◆ THE DATA:
*** Begin section ***
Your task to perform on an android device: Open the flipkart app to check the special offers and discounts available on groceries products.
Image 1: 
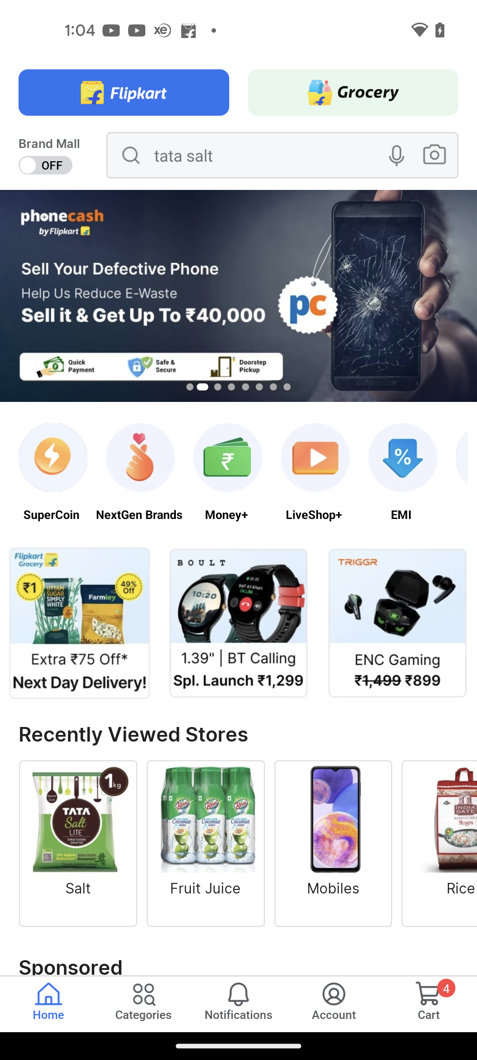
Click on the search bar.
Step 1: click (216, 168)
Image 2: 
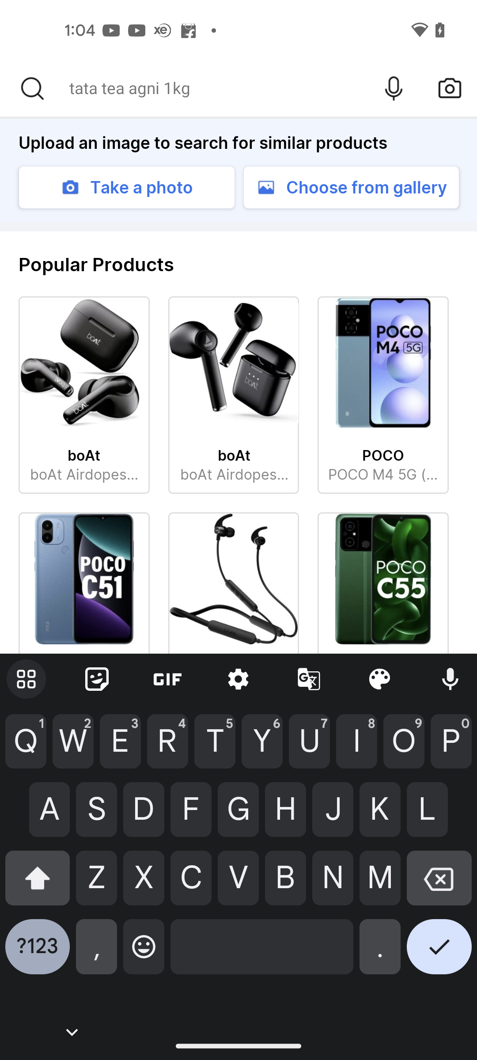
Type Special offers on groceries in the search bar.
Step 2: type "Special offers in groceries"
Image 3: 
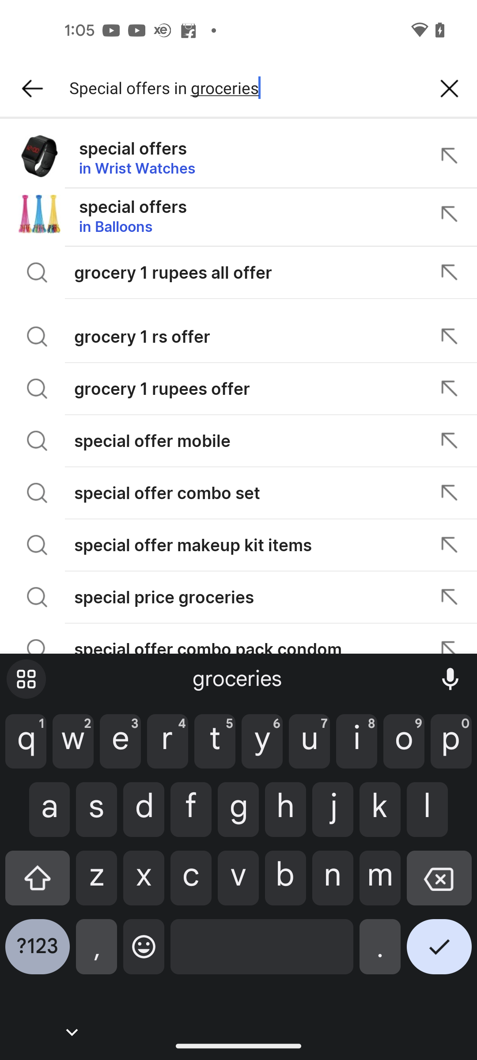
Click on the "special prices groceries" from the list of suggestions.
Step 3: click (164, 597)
*** End section ***
*** Begin section ***
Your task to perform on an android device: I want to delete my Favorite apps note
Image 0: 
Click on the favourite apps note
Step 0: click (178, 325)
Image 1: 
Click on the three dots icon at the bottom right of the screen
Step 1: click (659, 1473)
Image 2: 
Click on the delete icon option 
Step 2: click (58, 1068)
*** End section ***
*** Begin section ***
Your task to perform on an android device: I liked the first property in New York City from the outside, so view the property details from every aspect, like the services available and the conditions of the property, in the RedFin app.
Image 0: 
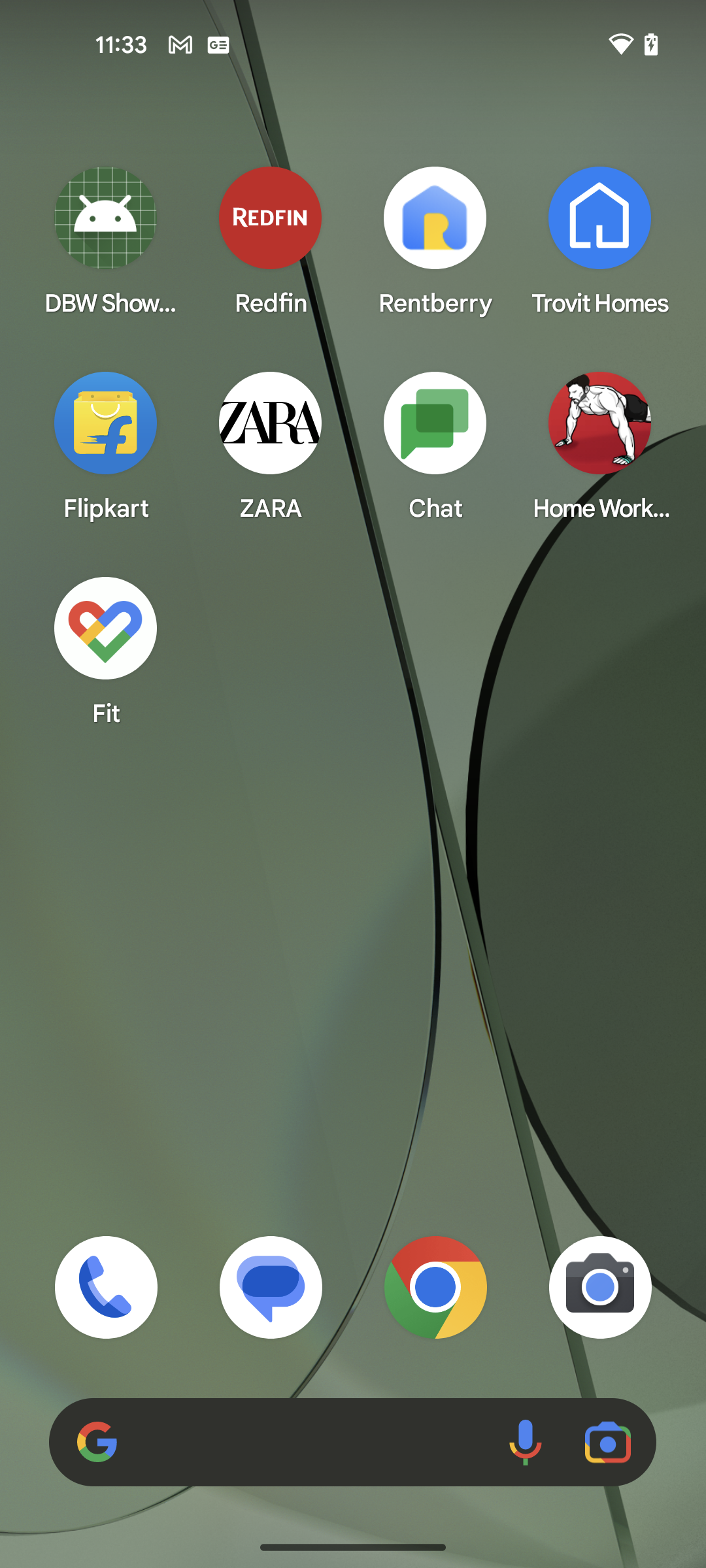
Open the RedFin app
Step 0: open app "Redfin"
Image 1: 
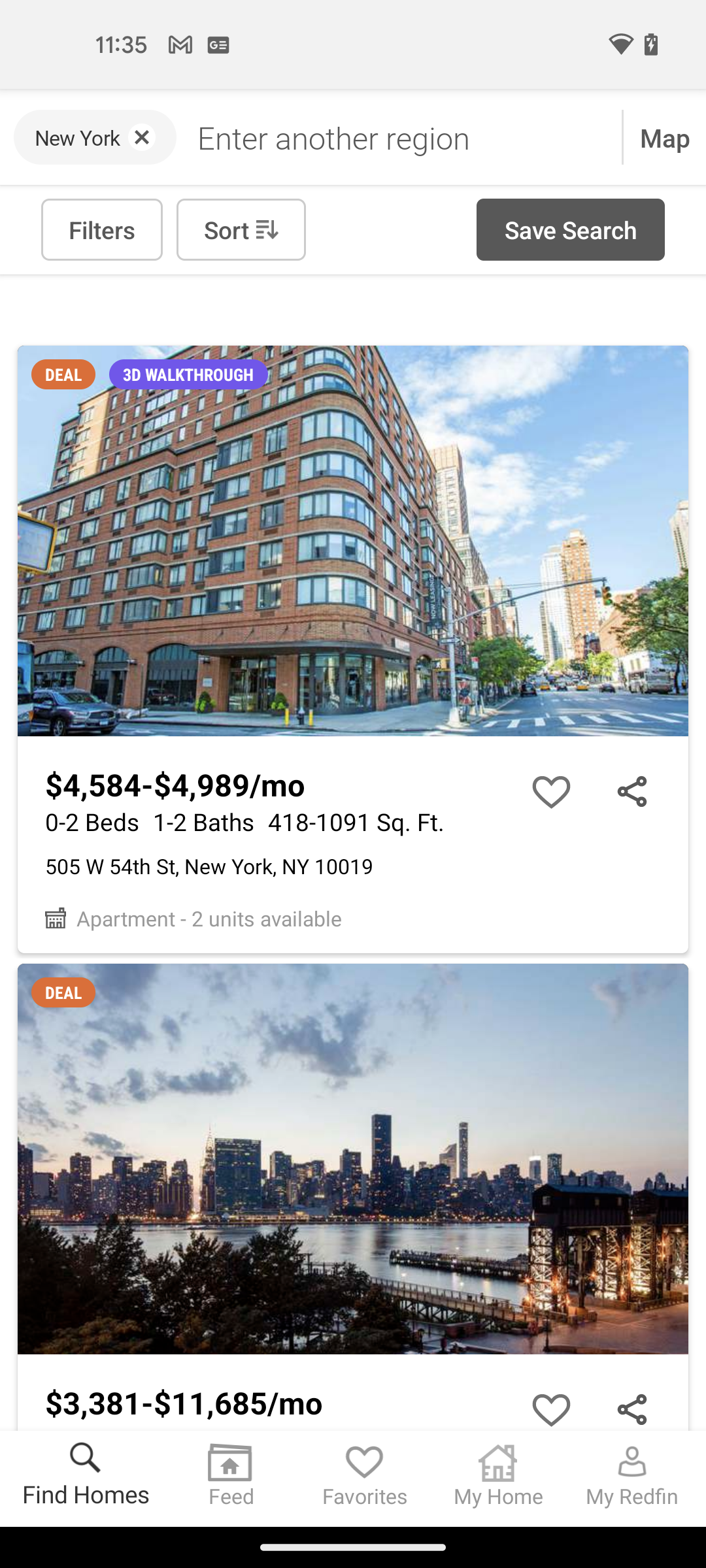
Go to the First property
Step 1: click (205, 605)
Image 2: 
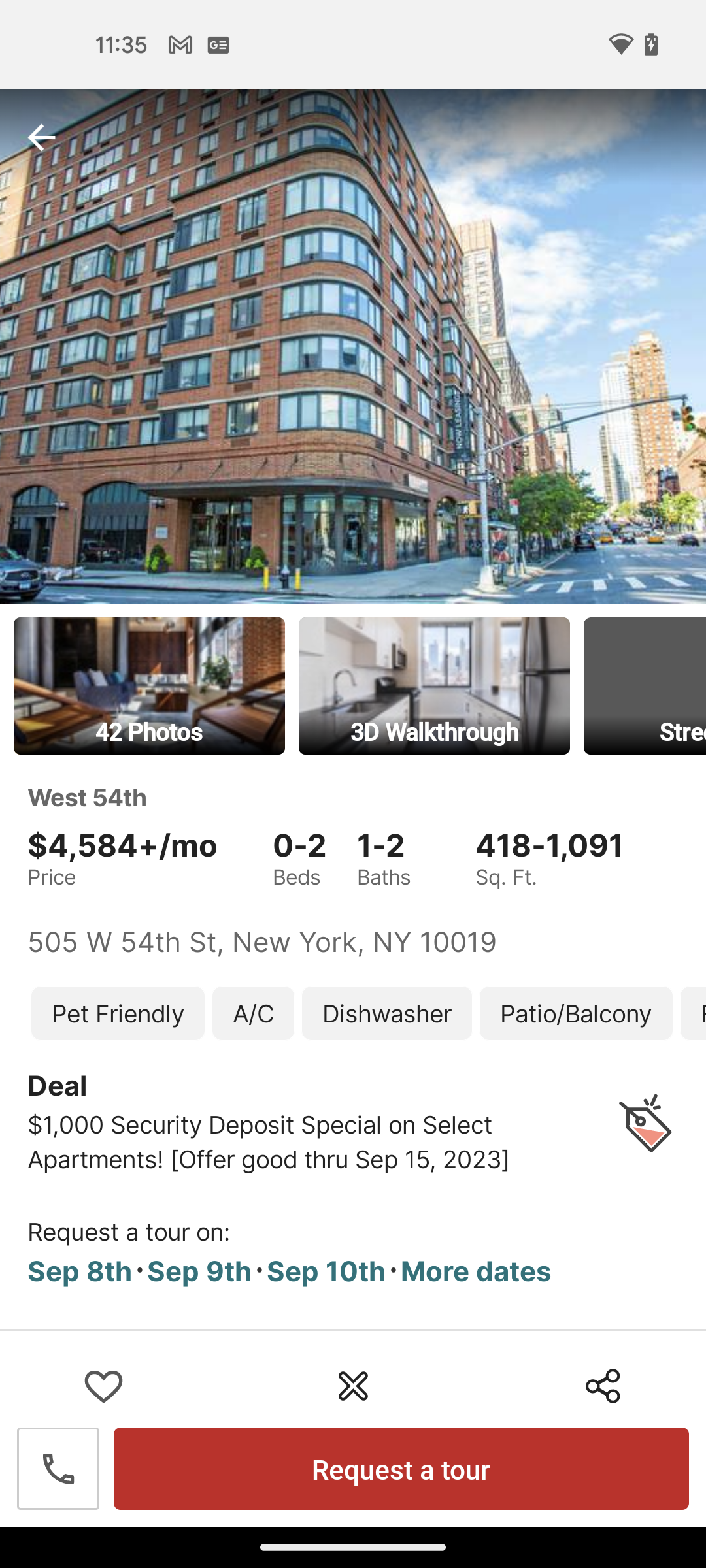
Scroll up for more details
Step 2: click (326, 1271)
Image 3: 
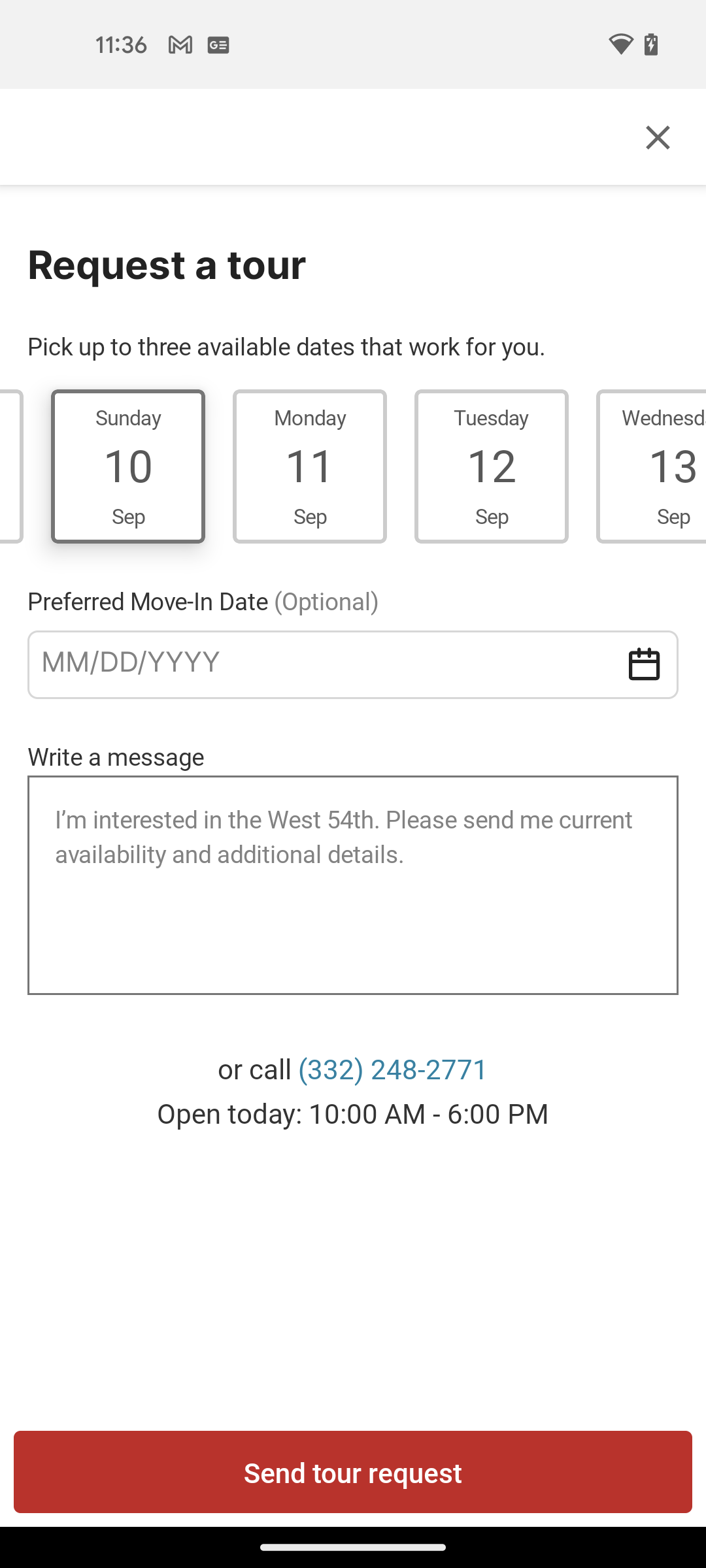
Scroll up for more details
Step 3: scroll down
*** End section ***
◆ TASK REQUIREMENTS:
Among the records above, locate the line containing "Your task to perform on an android device: Open" and the line containing "Step 3: click (164, 597)", then transcribe exactly the lines starting at the first and ending at the second, with no pictures.

◆ ANSWER TO THIS EXERCISE:
Your task to perform on an android device: Open the flipkart app to check the special offers and discounts available on groceries products.
Image 1: 
Click on the search bar.
Step 1: click (216, 168)
Image 2: 
Type Special offers on groceries in the search bar.
Step 2: type "Special offers in groceries"
Image 3: 
Click on the "special prices groceries" from the list of suggestions.
Step 3: click (164, 597)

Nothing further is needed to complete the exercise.